Una citazione letteraria riportata all’interno della copertina del CD che recensiamo ci introduce a quello che costituisce il probabile significato di fondo dell’opera di Nevica Noise, progetto parallelo di Gianluca Lo presti, musicista produttore e collaboratore artistico di lunga data con interessanti esperienze con Lucio Dalla, Alberto Cottica e Giovanni Rubbiani (ex Modena City Ranblers), Blaine Reininger e Steven Brown (Tuxedomoon) e con maestri amici come Gianni Maroccolo, Giorgio Canali, Paolo Benvegnu’, Manuel Agnelli, Morgan: “E in quel momento capii. Eravamo state meravigliose compagne di viaggio, ma in fondo non eravamo che aggregati metallici che disegnavano ognuno la propria orbita.” (La ragazza dello Sputnik – Murakami Haruki)
Sputnik, il disco di cui stiamo parlando, comprende otto brani per una durata d’ascolto di oltre cinquanta minuti, una vera e propria cascata di suoni elettronici che con la sua ricercata glacialità e asetticità sembra volerci raccontare di quanto l’uomo appaia sempre più afflitto dalla solitudine, inesorabilmente immerso com’è nelle profondità del proprio ego e nonostante abbia la soluzione ai propri problemi (che consiste nell’avvicinarsi all’amore, all’amicizia, alla comprensione e alla solidarietà umana, tanto per citarne alcuni, e nel farsi coinvolgere senza opporre resistenza da questi elementi) a portata di mano.

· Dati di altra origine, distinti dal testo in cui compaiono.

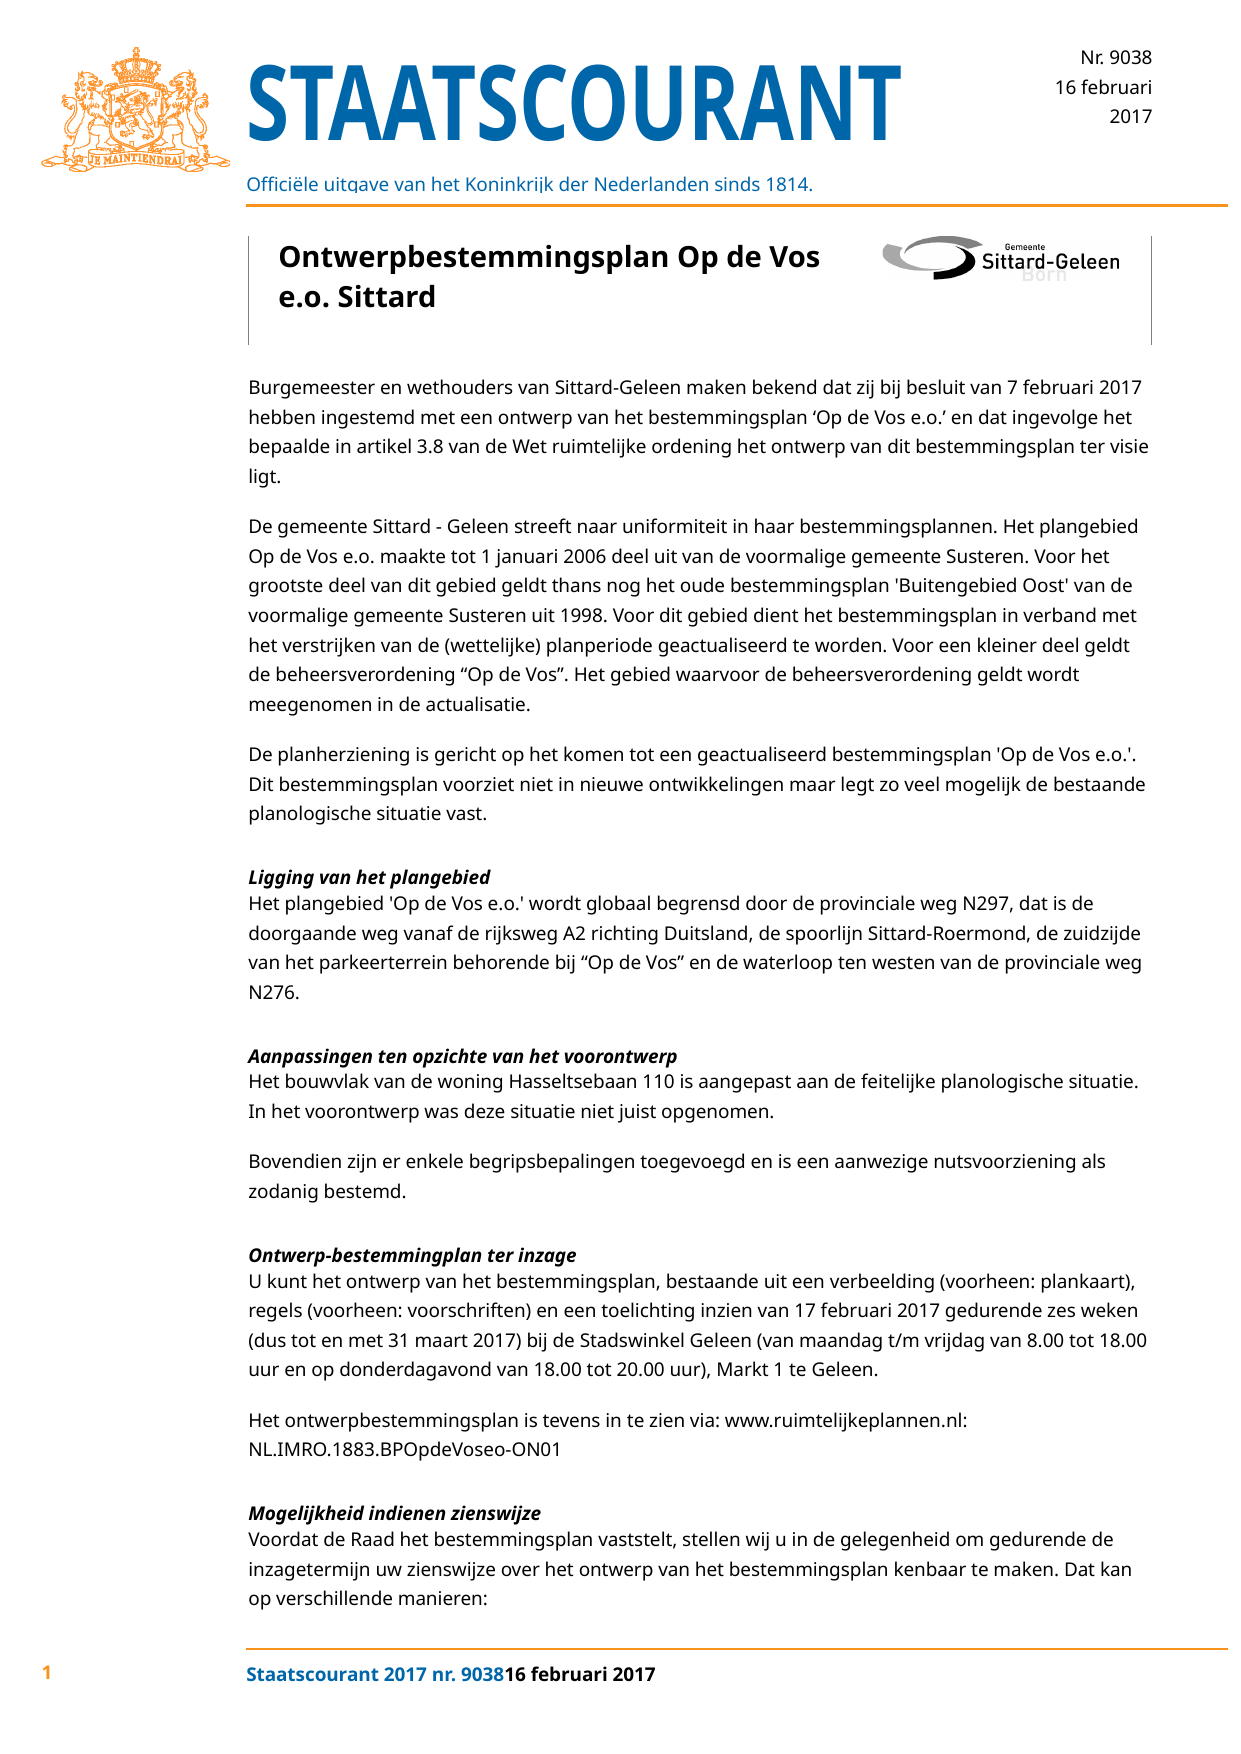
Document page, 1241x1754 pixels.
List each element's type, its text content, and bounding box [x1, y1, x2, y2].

Musicalmente parlando, il lavoro di Lo Presti si presenta come una lunga suite o, per usare una espressione in voga molti anni fa, un “concept album”, una raccolta di brani, cioè, uniti da un unico filo conduttore tematico. Doppia batteria, Moog noise, Drum loops, generatori di effetti elettronici vari, campionamenti e kaosspad sono alcuni degli strumenti che concorrono alla creazione di un suono spaziale tutto sommato gradevole all’ascolto. Un disco interessante, Sputnik, che mi sentirei di consigliare agli amanti del genere ambient/elettronica.
Nevica Noise – Sputnik
“E in quel momento capii. Eravamo state meravigliose compagne di viaggio, ma in fondo non eravamo che aggregati metallici che disegnavano ognuno la propria orbita.”